There [in the Radomsko hospital] everybody of course knew him. Such a handsome man, very well educated. Fluent in three languages, French, English and German, he was of much assistance to them because then many foreigners moved via Poland and he was always ready to help. All the girls were in love with him. And they told me how to find him. As it turned out he was staying as a tutor on a country estate close to the border with the Reich.

 

After much ado, Irena was able to reach the place.

 

The kitchen was enormous, like in the movies. In the middle, an oven, and female cooks all around, a lot of light, then there was black-out outside but inside there was a lot of light. I tell them that I am looking for mister Jan Maslowski, my cousin. They called him in. When Anek entered the kitchen he became totally stupefied. But anyhow there was a lot of fun.
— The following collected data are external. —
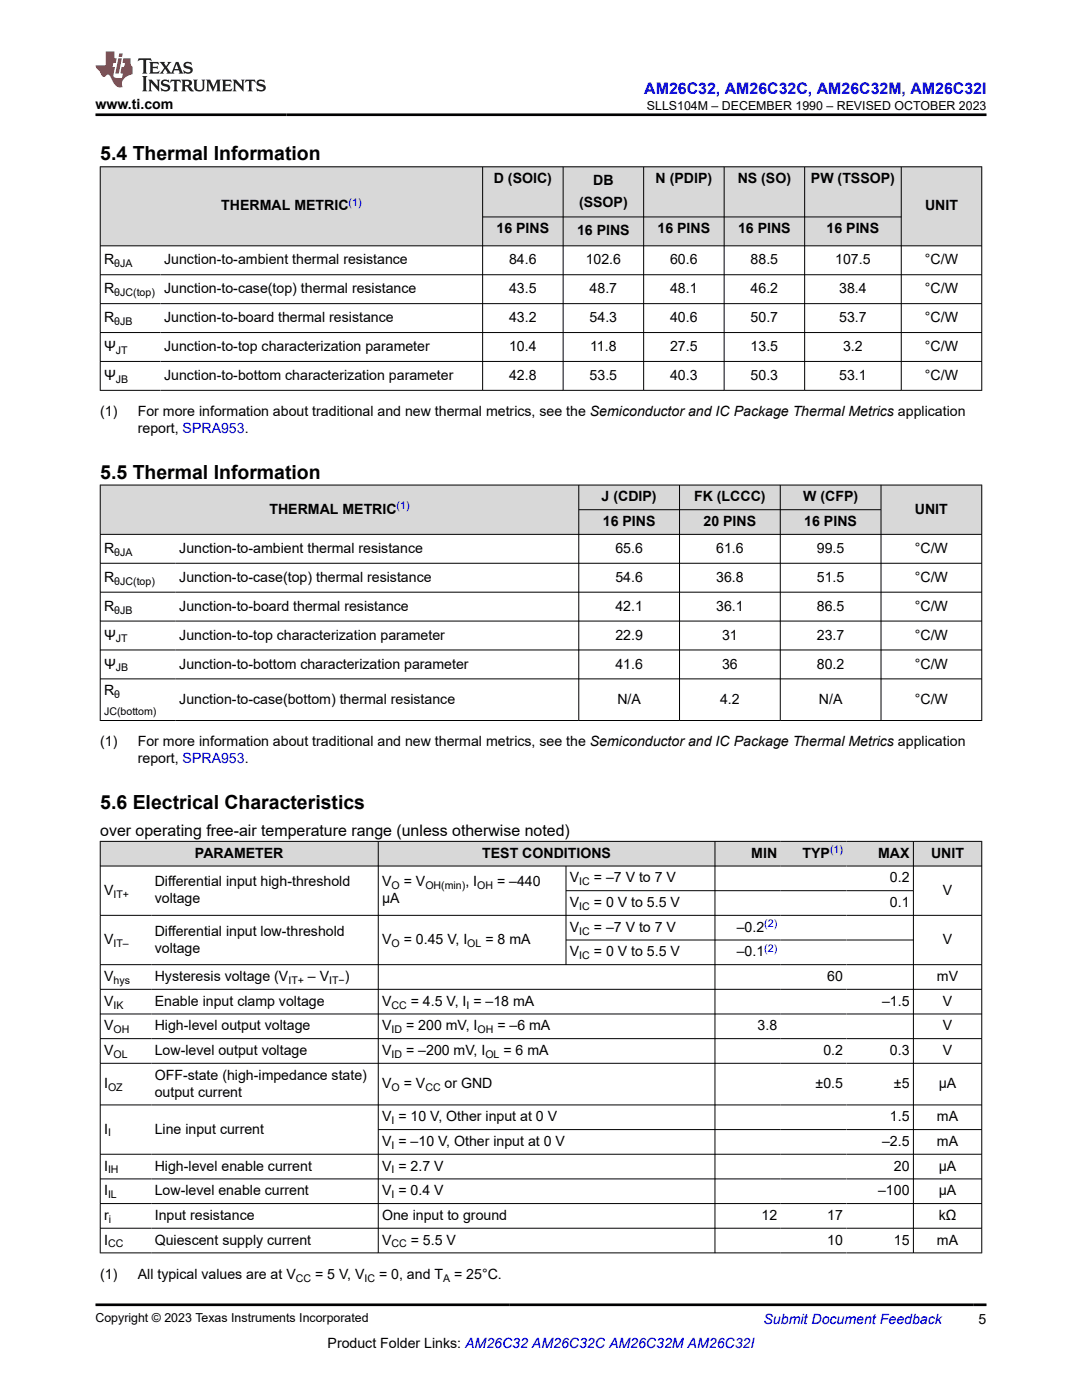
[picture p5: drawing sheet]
<svg xmlns="http://www.w3.org/2000/svg" width="216mm" height="279mm" viewBox="0 0 216 279" stroke-linecap="round" stroke-linejoin="round" font-family="sans-serif">
<defs><g id="words">
<g font-size="3.9">
<text x="20" y="32">5.4 Thermal Information</text>
<text x="20" y="95.5">5.5 Thermal Information</text>
<text x="20" y="161.4">5.6 Electrical Characteristics</text>
</g>
<text font-size="3.2" fill="#00f" x="128.6" y="18.7">AM26C32, AM26C32C, AM26C32M, AM26C32I</text>
<text font-size="3.2" x="20" y="166.9">over operating free-air temperature range (unless otherwise noted)</text>
<g font-size="2.8">
<text x="19" y="21.8">www.ti.com</text>
<text x="44.2" y="42">THERMAL METRIC</text>
<text x="98.5" y="36.6">D (SOIC)</text>
<text x="115.5" y="41.2">(SSOP)</text>
<text x="118.4" y="37">DB</text>
<text x="130.8" y="36.6">N (PDIP)</text>
<text x="147.2" y="36.6">NS (SO)</text>
<text x="161.8" y="36.6">PW (TSSOP)</text>
<text x="184.6" y="42">UNIT</text>
<text x="99.1" y="46.6">16 PINS</text>
<text x="115.1" y="47">16 PINS</text>
<text x="131.2" y="46.6">16 PINS</text>
<text x="147.3" y="46.6">16 PINS</text>
<text x="164.9" y="46.6">16 PINS</text>
<text x="20.8" y="52.8">R</text>
<text x="32.8" y="52.8">Junction-to-ambient thermal resistance</text>
<text x="101.6" y="52.8">84.6</text>
<text x="116.9" y="52.8">102.6</text>
<text x="133.7" y="52.8">60.6</text>
<text x="149.8" y="52.8">88.5</text>
<text x="166.7" y="52.8">107.5</text>
<text x="184.6" y="52.8">°C/W</text>
<text x="20.8" y="58.5">R</text>
<text x="32.8" y="58.5">Junction-to-case(top) thermal resistance</text>
<text x="101.6" y="58.5">43.5</text>
<text x="117.7" y="58.5">48.7</text>
<text x="133.7" y="58.5">48.1</text>
<text x="149.8" y="58.5">46.2</text>
<text x="167.5" y="58.5">38.4</text>
<text x="184.6" y="58.5">°C/W</text>
<text x="20.8" y="64.3">R</text>
<text x="32.8" y="64.3">Junction-to-board thermal resistance</text>
<text x="101.6" y="64.3">43.2</text>
<text x="117.7" y="64.3">54.3</text>
<text x="133.7" y="64.3">40.6</text>
<text x="149.8" y="64.3">50.7</text>
<text x="167.5" y="64.3">53.7</text>
<text x="184.6" y="64.3">°C/W</text>
<text x="20.8" y="70.1">Ψ</text>
<text x="32.8" y="70.1">Junction-to-top characterization parameter</text>
<text x="101.6" y="70.1">10.4</text>
<text x="117.8" y="70.1">11.8</text>
<text x="133.7" y="70.1">27.5</text>
<text x="149.8" y="70.1">13.5</text>
<text x="168.2" y="70.1">3.2</text>
<text x="184.6" y="70.1">°C/W</text>
<text x="20.8" y="75.8">Ψ</text>
<text x="32.8" y="75.8">Junction-to-bottom characterization parameter</text>
<text x="101.6" y="75.8">42.8</text>
<text x="117.7" y="75.8">53.5</text>
<text x="133.7" y="75.8">40.3</text>
<text x="149.8" y="75.8">50.3</text>
<text x="167.5" y="75.8">53.1</text>
<text x="184.6" y="75.8">°C/W</text>
<text x="20" y="83.1">(1)</text>
<text x="27.5" y="83.1">For more information about traditional and new thermal metrics, see the Semiconductor and IC Package Thermal Metrics application</text>
<text x="27.5" y="86.4">report, SPRA953.</text>
<text x="120.1" y="100.1">J (CDIP)</text>
<text x="138.5" y="100.1">FK (LCCC)</text>
<text x="160.3" y="100.1">W (CFP)</text>
<text x="53.8" y="102.5">THERMAL METRIC</text>
<text x="120.3" y="105">16 PINS</text>
<text x="140.4" y="105">20 PINS</text>
<text x="160.5" y="105">16 PINS</text>
<text x="182.6" y="102.5">UNIT</text>
<text x="20.8" y="110.3">R</text>
<text x="35.8" y="110.3">Junction-to-ambient thermal resistance</text>
<text x="122.8" y="110.3">65.6</text>
<text x="142.9" y="110.3">61.6</text>
<text x="163" y="110.3">99.5</text>
<text x="182.5" y="110.3">°C/W</text>
<text x="20.8" y="116.1">R</text>
<text x="35.8" y="116.1">Junction-to-case(top) thermal resistance</text>
<text x="122.8" y="116.1">54.6</text>
<text x="142.9" y="116.1">36.8</text>
<text x="163" y="116.1">51.5</text>
<text x="182.5" y="116.1">°C/W</text>
<text x="20.8" y="121.9">R</text>
<text x="35.8" y="121.9">Junction-to-board thermal resistance</text>
<text x="122.8" y="121.9">42.1</text>
<text x="142.9" y="121.9">36.1</text>
<text x="163" y="121.9">86.5</text>
<text x="182.5" y="121.9">°C/W</text>
<text x="20.8" y="127.6">Ψ</text>
<text x="35.8" y="127.6">Junction-to-top characterization parameter</text>
<text x="122.8" y="127.6">22.9</text>
<text x="144.1" y="127.6">31</text>
<text x="163" y="127.6">23.7</text>
<text x="182.5" y="127.6">°C/W</text>
<text x="20.8" y="133.4">Ψ</text>
<text x="35.8" y="133.4">Junction-to-bottom characterization parameter</text>
<text x="122.8" y="133.4">41.6</text>
<text x="144.1" y="133.4">36</text>
<text x="163" y="133.4">80.2</text>
<text x="182.5" y="133.4">°C/W</text>
<text x="20.8" y="138.8">R</text>
<text x="35.8" y="140.5">Junction-to-case(bottom) thermal resistance</text>
<text x="123.2" y="140.5">N/A</text>
<text x="143.7" y="140.5">4.2</text>
<text x="163.4" y="140.5">N/A</text>
<text x="182.5" y="140.5">°C/W</text>
<text x="20" y="148.9">(1)</text>
<text x="27.5" y="148.9">For more information about traditional and new thermal metrics, see the Semiconductor and IC Package Thermal Metrics application</text>
<text x="27.5" y="152.3">report, SPRA953.</text>
<text x="38.9" y="171.2">PARAMETER</text>
<text x="96.2" y="171.2">TEST CONDITIONS</text>
<text x="149.9" y="171.2">MIN</text>
<text x="160.1" y="171.2">TYP</text>
<text x="175.2" y="171.2">MAX</text>
<text x="185.8" y="171.2">UNIT</text>
<text x="20.8" y="178.6">V</text>
<text x="30.9" y="176.9">Differential input high-threshold</text>
<text x="76.2" y="176.9">V</text>
<text x="80.6" y="176.9">= V</text>
<text x="92.9" y="176.9">, I</text>
<text x="99.2" y="176.9">= –440</text>
<text x="113.7" y="176.1">V</text>
<text x="118.5" y="176.1">= –7 V to 7 V</text>
<text x="177.6" y="176.1">0.2</text>
<text x="188.1" y="178.6">V</text>
<text x="30.9" y="180.3">voltage</text>
<text x="76.2" y="180.3">µA</text>
<text x="113.7" y="181">V</text>
<text x="113.7" y="186">V</text>
<text x="118.5" y="181">= 0 V to 5.5 V</text>
<text x="118.5" y="186">= –7 V to 7 V</text>
<text x="147" y="186">–0.2</text>
<text x="177.6" y="181">0.1</text>
<text x="20.8" y="188.4">V</text>
<text x="30.9" y="186.7">Differential input low-threshold</text>
<text x="30.9" y="190.1">voltage</text>
<text x="76.2" y="188.4">V</text>
<text x="80.6" y="188.4">= 0.45 V, I</text>
<text x="96.9" y="188.4">= 8 mA</text>
<text x="113.7" y="190.9">V</text>
<text x="118.5" y="190.9">= 0 V to 5.5 V</text>
<text x="147" y="190.9">–0.1</text>
<text x="188.1" y="188.4">V</text>
<text x="20.8" y="195.8">V</text>
<text x="30.9" y="195.8">Hysteresis voltage (V</text>
<text x="61.5" y="195.8">– V</text>
<text x="68.8" y="195.8">)</text>
<text x="165.1" y="195.8">60</text>
<text x="187" y="195.8">mV</text>
<text x="20.8" y="200.7">V</text>
<text x="30.9" y="200.7">Enable input clamp voltage</text>
<text x="76.2" y="200.7">V</text>
<text x="82" y="200.7">= 4.5 V, I = –18 mA</text>
<text x="176" y="200.7">–1.5</text>
<text x="188.1" y="200.7">V</text>
<text x="20.8" y="205.6">V</text>
<text x="30.9" y="205.6">High-level output voltage</text>
<text x="76.2" y="205.6">V</text>
<text x="81" y="205.6">= 200 mV, I</text>
<text x="99.2" y="205.6">= –6 mA</text>
<text x="151.2" y="205.6">3.8</text>
<text x="188.1" y="205.6">V</text>
<text x="20.8" y="210.6">V</text>
<text x="30.9" y="210.6">Low-level output voltage</text>
<text x="30.9" y="215.5">OFF-state (high-impedance state)</text>
<text x="76.2" y="210.6">V</text>
<text x="81" y="210.6">= –200 mV, I</text>
<text x="100.5" y="210.6">= 6 mA</text>
<text x="164.3" y="210.6">0.2</text>
<text x="177.6" y="210.6">0.3</text>
<text x="188.1" y="210.6">V</text>
<text x="20.8" y="217.2">I</text>
<text x="30.9" y="218.9">output current</text>
<text x="76.2" y="217.2">V</text>
<text x="80.6" y="217.2">= V</text>
<text x="88.7" y="217.2">or GND</text>
<text x="162.7" y="217.2">±0.5</text>
<text x="178.4" y="217.2">±5</text>
<text x="187.3" y="217.2">µA</text>
<text x="20.8" y="226.2">I</text>
<text x="30.9" y="226.2">Line input current</text>
<text x="76.2" y="223.8">V = 10 V, Other input at 0 V</text>
<text x="177.6" y="223.8">1.5</text>
<text x="187" y="223.8">mA</text>
<text x="20.8" y="233.6">I</text>
<text x="30.9" y="233.6">High-level enable current</text>
<text x="76.2" y="228.7">V = –10 V, Other input at 0 V</text>
<text x="76.2" y="233.6">V = 2.7 V</text>
<text x="176" y="228.7">–2.5</text>
<text x="178.4" y="233.6">20</text>
<text x="187" y="228.7">mA</text>
<text x="187.3" y="233.6">μA</text>
<text x="20.8" y="238.6">I</text>
<text x="30.9" y="238.6">Low-level enable current</text>
<text x="76.2" y="238.6">V = 0.4 V</text>
<text x="175.2" y="238.6">–100</text>
<text x="187.3" y="238.6">μA</text>
<text x="20.8" y="243.5">r</text>
<text x="30.9" y="243.5">Input resistance</text>
<text x="76.2" y="243.5">One input to ground</text>
<text x="151.9" y="243.5">12</text>
<text x="165.1" y="243.5">17</text>
<text x="187.3" y="243.5">kΩ</text>
<text x="20.8" y="248.4">I</text>
<text x="30.9" y="248.4">Quiescent supply current</text>
<text x="76.2" y="248.4">V</text>
<text x="82" y="248.4">= 5.5 V</text>
<text x="165.1" y="248.4">10</text>
<text x="178.4" y="248.4">15</text>
<text x="187" y="248.4">mA</text>
<text x="20" y="255.2">(1)</text>
<text x="27.5" y="255.2">All typical values are at V</text>
<text x="62.9" y="255.2">= 5 V, V</text>
<text x="75.6" y="255.2">= 0, and T</text>
<text x="90.6" y="255.2">= 25°C.</text>
<text x="65.4" y="269">Product Folder Links: AM26C32 AM26C32C AM26C32M AM26C32I</text>
<text x="195.3" y="264.2">5</text>
</g>
<text font-size="2.8" fill="#00f" x="152.4" y="264.2">Submit Document Feedback</text>
<g font-size="2.5">
<text x="129.1" y="21.9">SLLS104M – DECEMBER 1990 – REVISED OCTOBER 2023</text>
<text x="19" y="263.9">Copyright © 2023 Texas Instruments Incorporated</text>
</g>
<g font-size="2.1" fill="#00f">
<text x="69.6" y="41.1">(1)</text>
<text x="79.1" y="101.6">(1)</text>
<text x="165.6" y="170.2">(1)</text>
<text x="152.5" y="185">(2)</text>
<text x="152.5" y="189.9">(2)</text>
</g>
<g font-size="2.1">
<text x="22.8" y="53.3">θJA</text>
<text x="22.8" y="59.1">θJC(top)</text>
<text x="22.8" y="64.9">θJB</text>
<text x="23.1" y="70.6">JT</text>
<text x="23.1" y="76.4">JB</text>
<text x="22.8" y="110.9">θJA</text>
<text x="22.8" y="116.7">θJC(top)</text>
<text x="22.8" y="122.4">θJB</text>
<text x="23.1" y="128.2">JT</text>
<text x="23.1" y="134">JB</text>
<text x="20.8" y="142.7">JC(bottom)</text>
<text x="22.8" y="139.3">θ</text>
<text x="22.6" y="179.1">IT+</text>
<text x="78.1" y="177.4">O</text>
<text x="84.9" y="177.4">OH(min)</text>
<text x="95.2" y="177.4">OH</text>
<text x="115.6" y="176.7">IC</text>
<text x="115.6" y="181.6">IC</text>
<text x="22.6" y="189">IT–</text>
<text x="78.1" y="189">O</text>
<text x="93.2" y="189">OL</text>
<text x="115.6" y="186.5">IC</text>
<text x="115.6" y="191.4">IC</text>
<text x="22.6" y="196.4">hys</text>
<text x="57.5" y="196.4">IT+</text>
<text x="65.7" y="196.4">IT−</text>
<text x="22.6" y="201.3">IK</text>
<text x="78.1" y="201.3">CC</text>
<text x="93.1" y="201.3">I</text>
<text x="22.6" y="206.2">OH</text>
<text x="78.1" y="206.2">ID</text>
<text x="95.3" y="206.2">OH</text>
<text x="22.6" y="211.1">OL</text>
<text x="78.1" y="211.1">ID</text>
<text x="96.9" y="211.1">OL</text>
<text x="21.6" y="217.7">OZ</text>
<text x="78.1" y="217.7">O</text>
<text x="84.9" y="217.7">CC</text>
<text x="21.6" y="226.8">I</text>
<text x="78.1" y="224.4">I</text>
<text x="78.1" y="229.3">I</text>
<text x="21.6" y="234.2">IH</text>
<text x="21.6" y="239.1">IL</text>
<text x="78.1" y="234.2">I</text>
<text x="78.1" y="239.1">I</text>
<text x="21.7" y="244">i</text>
<text x="21.6" y="249">CC</text>
<text x="78.1" y="249">CC</text>
<text x="59" y="255.8">CC</text>
<text x="72.7" y="255.8">IC</text>
<text x="88.4" y="255.8">A</text>
</g>
</g></defs>
<g fill="#d8d8d8">
<path d="M20 33.3h175.9v10h-175.9z" fill-rule="evenodd"/>
<path d="M20.1 33.4h76.1v15.6h-76.1z" fill-rule="evenodd"/>
<path d="M96.4 33.4h15.9v9.8h-15.9z" fill-rule="evenodd"/>
<path d="M112.4 33.4h16v9.8h-16z" fill-rule="evenodd"/>
<path d="M128.5 33.4h15.9v9.8h-15.9z" fill-rule="evenodd"/>
<path d="M144.6 33.4h15.9v9.8h-15.9z" fill-rule="evenodd"/>
<path d="M160.6 33.4h19.2v9.8h-19.2z" fill-rule="evenodd"/>
<path d="M179.9 33.4h15.9v15.6h-15.9z" fill-rule="evenodd"/>
<path d="M96.4 43.4h15.9v5.6h-15.9z" fill-rule="evenodd"/>
<path d="M112.4 43.4h16v5.6h-16z" fill-rule="evenodd"/>
<path d="M128.5 43.4h15.9v5.6h-15.9z" fill-rule="evenodd"/>
<path d="M144.6 43.4h15.9v5.6h-15.9z" fill-rule="evenodd"/>
<path d="M160.6 43.4h19.2v5.6h-19.2z" fill-rule="evenodd"/>
</g>
<g fill="none" stroke="#000" stroke-width=".2">
<path d="M19.9 33.3h176.1M20 33.2v44.8M96.3 33.2v44.8M112.4 33.2v44.8M128.4 33.2v44.8M144.5 33.2v44.8M160.6 33.2v44.8M179.8 33.2v44.8M195.9 33.2v44.8M19.9 49.1h176.1M19.9 54.8h176.1M96.3 43.3h83.6"/>
<path d="M19.9 60.6h176.1M19.9 66.4h176.1M19.9 72.1h176.1M19.9 77.9h176.1"/>
</g>
<g fill="#d8d8d8">
<path d="M20 96.8h175.9v4.9h-175.9z" fill-rule="evenodd"/>
<path d="M20.1 96.9h95.3v9.7h-95.3z" fill-rule="evenodd"/>
<path d="M115.6 96.9h19.9v4.8h-19.9z" fill-rule="evenodd"/>
<path d="M135.7 96.9h19.9v4.8h-19.9z" fill-rule="evenodd"/>
<path d="M155.8 96.9h19.9v4.8h-19.9z" fill-rule="evenodd"/>
<path d="M175.9 96.9h19.9v9.7h-19.9z" fill-rule="evenodd"/>
<path d="M115.6 101.8h19.9v4.8h-19.9z" fill-rule="evenodd"/>
<path d="M135.7 101.8h19.9v4.8h-19.9z" fill-rule="evenodd"/>
<path d="M155.8 101.8h19.9v4.8h-19.9z" fill-rule="evenodd"/>
</g>
<g fill="none" stroke="#000" stroke-width=".2">
<path d="M19.9 96.8h176.1M20 96.7v47.2M115.5 96.7v47.2M135.6 96.7v47.2M155.7 96.7v47.2M175.8 96.7v47.2M195.9 96.7v47.2M19.9 106.6h176.1M19.9 112.4h176.1M19.9 118.2h176.1M115.5 101.7h60.4M19.9 123.9h176.1"/>
<path d="M19.9 129.7h176.1M19.9 135.5h176.1M19.9 143.8h176.1"/>
</g>
<g fill="#d8d8d8">
<path d="M20 167.9h175.9v4.9h-175.9z" fill-rule="evenodd"/>
<path d="M20.1 168h55.3v4.8h-55.3z" fill-rule="evenodd"/>
<path d="M75.5 168h67.1v4.8h-67.1z" fill-rule="evenodd"/>
<path d="M142.7 168h13.1v4.8h-13.1z" fill-rule="evenodd"/>
<path d="M155.8 168h13.1v4.8h-13.1z" fill-rule="evenodd"/>
<path d="M168.9 168h13.3v4.8h-13.3z" fill-rule="evenodd"/>
<path d="M182.3 168h13.5v4.8h-13.5z" fill-rule="evenodd"/>
</g>
<g fill="none" stroke="#000" stroke-width=".2">
<path d="M19.9 167.9h176.1M19.9 172.8h176.1M20 167.9v82.2M75.5 167.9v82.2M112.9 172.8v19.8M112.9 177.8h69.4M142.7 167.9v82.2M182.3 167.9v82.2M195.9 167.9v82.2M19.9 182.7h176.1M19.9 192.5h176.1M19.9 197.4h176.1"/>
<path d="M112.9 187.6h69.4M19.9 202.4h176.1M19.9 207.3h176.1M19.9 212.2h176.1M19.9 220.5h176.1M19.9 230.4h176.1M19.9 235.3h176.1M75.5 225.4h120.5M19.9 240.2h176.1M19.9 245.1h176.1M19.9 250h176.1"/>
</g>
<path d="M27.7 11.6l-.2 .6 .5-.2h.6v.1v2.2l-.2 .4h1l-.2-.4v-2.2v-.1h.5l.5 .2-.1-.6zM29.8 12.4l.2 .3v1.6l-.2 .4h1.9l.1-.6a1.08 1.08 0 0 1-1.3 .2v-.7h.6l.4 .2v-.7l-.4 .2h-.6v-.5l.2-.2a1 1 0 0 1 1 .3l-.1-.5zM31.8 12.4l1 1.1-1 1.2h.9l-.2-.2 .4-.8 .5 .8-.2 .2h1.6l-.2-.2 .1-.5h1l.1 .5-.1 .2h.9l-.2-.4-.8-1.9h-.5l-1 2.1-.8-1.1 .9-1h-.8l.2 .2-.5 .6-.3-.6 .1-.2zM35.2 12.8l.4 1h-.8zM36.8 12.5a.65 .65 0 0 0-.2 .7 .65 .65 0 0 0 .6 .5l.7 .1 .1 .3a.79 .79 0 0 1-.7 .4 .79 .79 0 0 1-.7-.5l.1 .7 .2-.1a.93 .93 0 0 0 1.1 0 .93 .93 0 0 0 .4-.9 1.46 1.46 0 0 0-1.2-.6l-.1-.3a1.09 1.09 0 0 1 1.2 .2l-.2-.6-.1 .1-.6-.2zM28.4 15.2l.2 .4v2.2l-.2 .4h1l-.2-.4v-2.2l.2-.4zM29.6 15.9l.2 .4v1.5l-.2 .4h.8l-.3-.4v-1.3l1.7 1.8v-2l.2-.4h-.8l.2 .2 .1 1.1-1.2-1.3zM32.3 16a.65 .65 0 0 0-.2 .8 .65 .65 0 0 0 .7 .4l.6 .2 .1 .2a.79 .79 0 0 1-.7 .4 .79 .79 0 0 1-.7-.5l.1 .7 .2-.1a.93 .93 0 0 0 1.1 .1 .93 .93 0 0 0 .4-1 1.46 1.46 0 0 0-1.2-.5l-.1-.4a1.09 1.09 0 0 1 1.2 .2l-.2-.6-.1 .1-.6-.1zM34.1 15.9l-.1 .6a.63 .63 0 0 1 .7-.3l.1 1.6-.3 .4h1l-.2-.4v-1.6a.66 .66 0 0 1 .8 .3l-.1-.6zM36.2 15.9l.2 .4v1.5l-.2 .4h.9l-.2-.2v-.7h.5l.1 .2a.79 .79 0 0 0 1.2 .6l-1-.9a.61 .61 0 0 0 .6-.6 .61 .61 0 0 0-.5-.7zM36.9 16.2h.2a.47 .47 0 0 1 .5 .1 .47 .47 0 0 1 .1 .5l-.2 .1-.6 .1zM38.5 15.9l.2 .2a2.27 2.27 0 0 0 .4 2 1.04 1.04 0 0 0 1.7-.7v-1.3l.2-.2h-.8l.2 .4v1.1a.6 .6 0 0 1-.6 .6 .6 .6 0 0 1-.6-.6v-1.1l.3-.4zM41.1 15.9l.2 .4v1.5l-.2 .4h.7l-.2-.4v-1.4l.9 1.9 .8-1.9v1.4l-.2 .4h1l-.3-.4v-1.5l.3-.4h-.8l-.7 1.5-.7-1.5zM44.3 15.9l.2 .4v1.5l-.2 .4h1.9l.1-.6a1.09 1.09 0 0 1-1.3 .2v-.7h.6l.4 .2v-.6l-.4 .2h-.6v-.6l.2-.1a1.01 1.01 0 0 1 1 .3l-.1-.6zM46.4 15.9l.3 .4v1.5l-.3 .4h.8l-.2-.4v-1.3l1.6 1.8v-2l.2-.4h-.7l.2 .2v1.1l-1.2-1.3zM49 15.9l-.1 .6a.63 .63 0 0 1 .8-.3v1.6l-.3 .4h1l-.2-.4v-1.6a.66 .66 0 0 1 .8 .3l-.1-.6zM51.4 16a.65 .65 0 0 0-.2 .8 .65 .65 0 0 0 .6 .4l.6 .2 .2 .2a.79 .79 0 0 1-.8 .4 .79 .79 0 0 1-.6-.5l.1 .7 .2-.1a.93 .93 0 0 0 1 .1 .93 .93 0 0 0 .5-1 1.46 1.46 0 0 0-1.3-.5l-.1-.4a1.09 1.09 0 0 1 1.3 .2l-.2-.6-.2 .1-.5-.1z" fill="#231f20"/>
<path d="M21.1 10.3v2.7h-2.1l.1 .4 .9 1a.95 .95 0 0 0 .9 .9 .59 .59 0 0 1 .6-.4 .59 .59 0 0 1 .5 .3l.4 .8a1.59 1.59 0 0 0 2.1 1.4 1.61 1.61 0 0 1 1-2.3l1-.3-.1-1.5a1.59 1.59 0 0 1-.4-1.7h-1.4l-.2 .9h.5l-.1 .9h-.5l-.2 .9v.3l.4 .1-.2 .9h-.6a.73 .73 0 0 1-1.1-.7l.3-1.5h-.5l.2-.9h.5l.2-.9h-.5v-1.3zM23.6 11.6l-.6 3.1h.7l.6-3.1zM23.8 10.7l-.1 .6h.7l.1-.6z" fill="#ed1c24"/>
<path d="M19 22.9h177.8M19 260.4h177.8" fill="none" stroke="#000" stroke-width=".53"/>
<use href="#words"/>
</svg>

We spent the entire night with a bottle of plum liquor which we totally emptied. In the morning I went back home.[32]

 

Soon afterwards, on 26 January 1945, Kalisz was liberated by the Red Army and Anek and Pola returned to their town. Also Anek’s cousin, Irena Majorek came back to Kalisz with her fiancé, Edward Malinowski. Although Irena met Edward in a remote village in eastern Poland, he was a natural born US citizen and once the American embassy in Warsaw reopened he obtained a passport and traveled to his native Chicago and Irena joined him there before long.

30 Testimony by Alexander Wasserman, Yad Vashem Archives, O.33/3975.

 

31 Anek’s CV, 25 October 1946, The Archives of the Faculty of Architecture, Warsaw.

32 Testimony by Irena Rybczynska-Holland, Archiwum historii mowionej (Archives of Oral History), Warsaw, 10 June 2015.

33 Addendum to the testimony of Irene Malinowski.

 

34 “Fabryka wyborow trykotowych ‘Lady’ …”, State Archives in Lodz, file 959/0/15/335.

While in Kalisz Anek tried to reopen his father’s factory and even employed there for a while Edward Malinowski[33] but, like any other enterprise of this kind, the factory was soon nationalized by the authorities.[34]